Kesari
- Type: Weekly newspaper
- Owner: Kesari Mahratta Trust
- Founder: Bal Gangadhar Tilak
- Publisher: Kesari Mahratta Trust
- Founded: 4 January 1881; 145 years ago
- Language: Marathi
- Sister newspapers: Mahratta
- Website: www.dailykesari.com

= Kesari (Marathi newspaper) =

Indian Marathi-language newspaper

Kesari is an Indian Marathi language newspaper which was founded on 4 January 1881 by Bal Gangadhar Tilak, a self-rule activist in the Indian independence movement. Through Kesari, Tilak criticised British colonial policies, while promoting both Hindu nationalism and Hindu–Muslim unity. He was twice tried and imprisoned for sedition, in 1897 and 1908, for articles deemed inflammatory. Between 1924 and 1935, Kesari regularly published articles and editorials supporting Italian fascism, Benito Mussolini, and fascist Italy. By the 1940s, Kesari had become the newspaper of the Hindu Mahasabha, a far-right Hindutva political party, and of the Rashtriya Swayamsevak Sangh, a Hindutva paramilitary organisation.

== History ==
=== Origins ===

The first edition of Kesari

Kesari was established on 4 January 1881 by Bal Gangadhar Tilak, a self-rule activist in the Indian independence movement. One of two weekly newspapers established by Tilak, Kesari was published in the Marathi language, while its counterpart, Mahratta, was published in English. Tilak wrote several articles in Kesari, on issues such as land tenure and revenue, war expenditure, high salaries paid to British officials, and the colonial exploitation of Indian resources. A Hindu nationalist who nevertheless supported Hindu-Muslim unity, Tilak sought to create a Hindu public sphere. Many Kesari editorials described how this sphere was formed and mobilised through religious events, in an attempt to create a shared and cohesive national culture.

In 1897, Tilak was tried and imprisoned for sedition on the basis of views he had expressed in Kesari. The prosecution was triggered by his violent rhetoric in relation to the assassination of two plague officials, W. C. Rand and Charles Ayerst; the assassinations had occurred following the Bombay plague epidemic, after which Tilak had counselled the "murder of Europeans". In 1908, Tilak was again tried and imprisoned for sedition, when his articles in Kesari defended the Muzaffarpur bombings which had led to the Alipore bomb case.
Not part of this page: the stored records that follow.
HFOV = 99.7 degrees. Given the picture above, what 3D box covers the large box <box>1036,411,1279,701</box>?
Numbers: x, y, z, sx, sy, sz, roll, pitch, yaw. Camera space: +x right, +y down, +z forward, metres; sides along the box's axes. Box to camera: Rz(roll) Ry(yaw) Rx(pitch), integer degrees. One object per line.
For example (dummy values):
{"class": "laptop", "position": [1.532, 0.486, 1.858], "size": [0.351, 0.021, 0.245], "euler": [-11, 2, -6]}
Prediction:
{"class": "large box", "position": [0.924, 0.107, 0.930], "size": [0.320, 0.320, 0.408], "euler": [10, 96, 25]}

On both occasions of his imprisonment, Narasimha Chintaman Kelkar assumed the role of editor.

At one time such oppression gave rise to small insurrections in England; and it was only when the people of that country rose in rebellion, and, after dethroning the King, introduced constitutional rule that no occasion was left for them to resort to violent means for effecting administrative reform.
— Bal Gangadhar Tilak, 12 May 1908

=== Support of Italian fascism ===
From 1924 to 1935, Kesari regularly published articles and editorials in support of Italian fascism, Benito Mussolini, and fascist Italy. Across a series of editorials, the newspaper depicted Italy's transition from a liberal government to a fascist dictatorship as a move from anarchy to order. Mussolini's political reforms, particularly the shift from elected members of parliament to nominated ones and the substitution of parliament itself with the Grand Council of Fascism, were also praised considerably.

D. V. Tahmankar, the London correspondent of Kesari, was a known admirer of Mussolini. In 1927, he published a biography entitled 'Muslini ani Fashismo' (lit. 'Mussolini and Fascism'). The book detailed the organisation of the fascist state, the fascist social system, the fascist ideology, and Italy's recent history. The entirety of the final chapter was dedicated to fascist society and its institutions, notably the youth organisations. A lengthy Kesari article, entitled 'Italy and the Young Generations' and published on 13 August 1929, claimed that Italy's youth had taken over the leadership of the country from the older generations, resulting in what it described as a "fast ascent of Italy in every field". The discipline attributed to the Italian youth was explained as the product of strong and widespread religious sentiments, close attachment to the family, and respect for traditional values; these values were defined through the rejection of divorce and those who remained unmarried, and the denial of women’s right to vote, with women depicted as having no role beyond the home.

=== Association with Hindutva ===
By the 1940s, Kesari had become associated with the Hindutva movement, serving as the newspaper of both the Hindu Mahasabha, a far-right Hindutva political party, and the Rashtriya Swayamsevak Sangh, a Hindutva paramilitary organisation.

== Management ==
Kesari is owned and managed by the Kesari Mahratta Trust, established on the same day as the newspaper and run by Tilak's family. The trust instituted the Lokmanya Tilak National Award for Excellence in Journalism, first awarded to Vir Sanghvi on 4 January 2009.